Answer:
$459,352.46
Step-by-step explanation:
To calculate the equal annual contribution Alan needs to make in order to retire the debt on March 1, 2025, we can use the present value of an annuity formula.
Given:
Principal amount borrowed: $290,000
Interest rate compounded semiannually: 10% (or 0.10)
Repayment term: March 1, 2015, to March 1, 2025 (10 years)
Fund expected to earn: 8% per annum (or 0.08)
Contribution period: March 1, 2020, to March 1, 2024 (5 years)
Step 1: Calculate the total amount due on March 1, 2025 (including accrued interest):
The principal amount will grow with interest over the 10-year period, compounded semiannually.
P = $290,000
r = 10% / 2 = 5% per semiannual period (or 0.05)
n = 10 years * 2 = 20 semiannual periods
A = P * (1 + r)^n
A = $290,000 * (1 + 0.05)^20
A = $290,000 * 1.05^20
A = $290,000 * 1.352181
A = $391,948.29
The total amount due on March 1, 2025, including accrued interest, is approximately $391,948.29.
Step 2: Calculate the present value of the annuity required to retire the debt:
To find the equal annual contributions Alan needs to make, we need to calculate the present value of the total amount due on March 1, 2025.
PVA = A * (1 - (1 + r)^(-n)) / r
PVA = $391,948.29 * (1 - (1 + 0.08)^(-5)) / 0.08
PVA = $391,948.29 * (1 - 1.46933) / 0.08
PVA = $391,948.29 * (-0.46933) / 0.08
PVA = $391,948.29 * (-5.866625)
PVA ≈ -$2,296,762.28
The present value of the annuity required to retire the debt is approximately -$2,296,762.28. This negative value represents the total amount that needs to be contributed over the 5-year period to accumulate enough funds to retire the debt.

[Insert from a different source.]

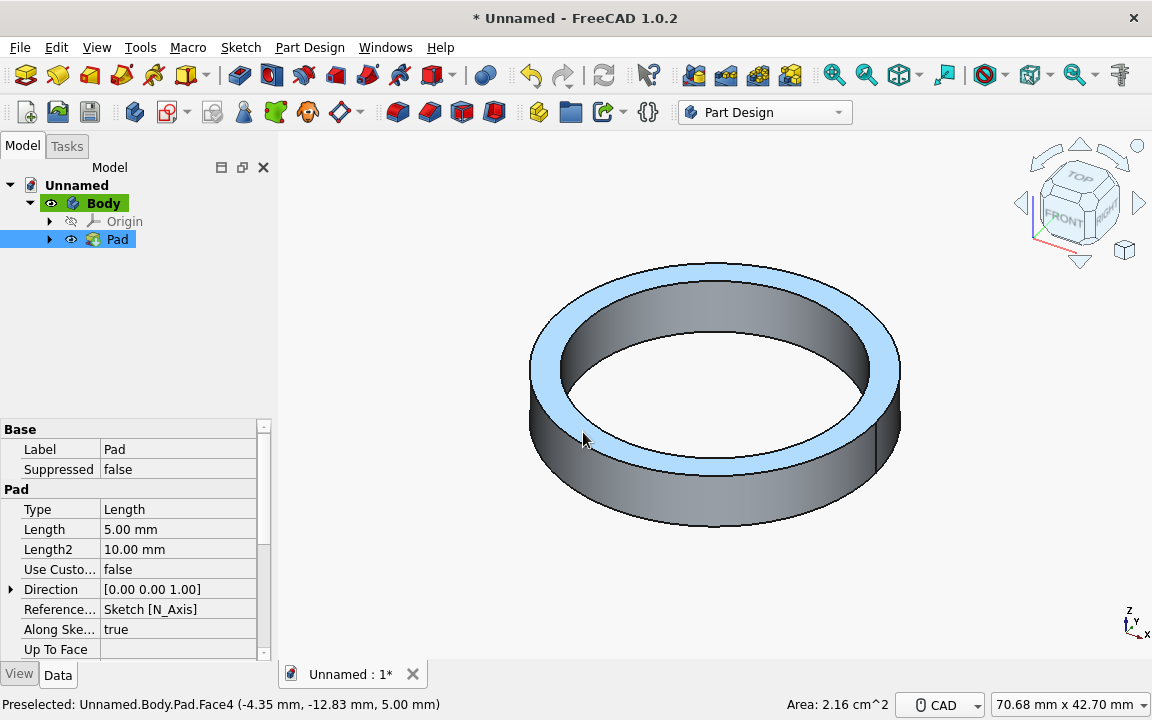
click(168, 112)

Step 3: Calculate the equal annual contribution:
Since the present value of the annuity is negative, we can multiply it by -1 to make it positive and determine the equal annual contribution Alan needs to make.
Annual Contribution = PVA * (-1) / n
Annual Contribution = $2,296,762.28 / 5
Annual Contribution ≈ $459,352.46
Alan needs to contribute approximately $459,352.46 each year for 5 years starting on March 1, 2020, in order to provide a fund sufficient to retire the debt of $290,000 plus accrued interest on March 1, 2025.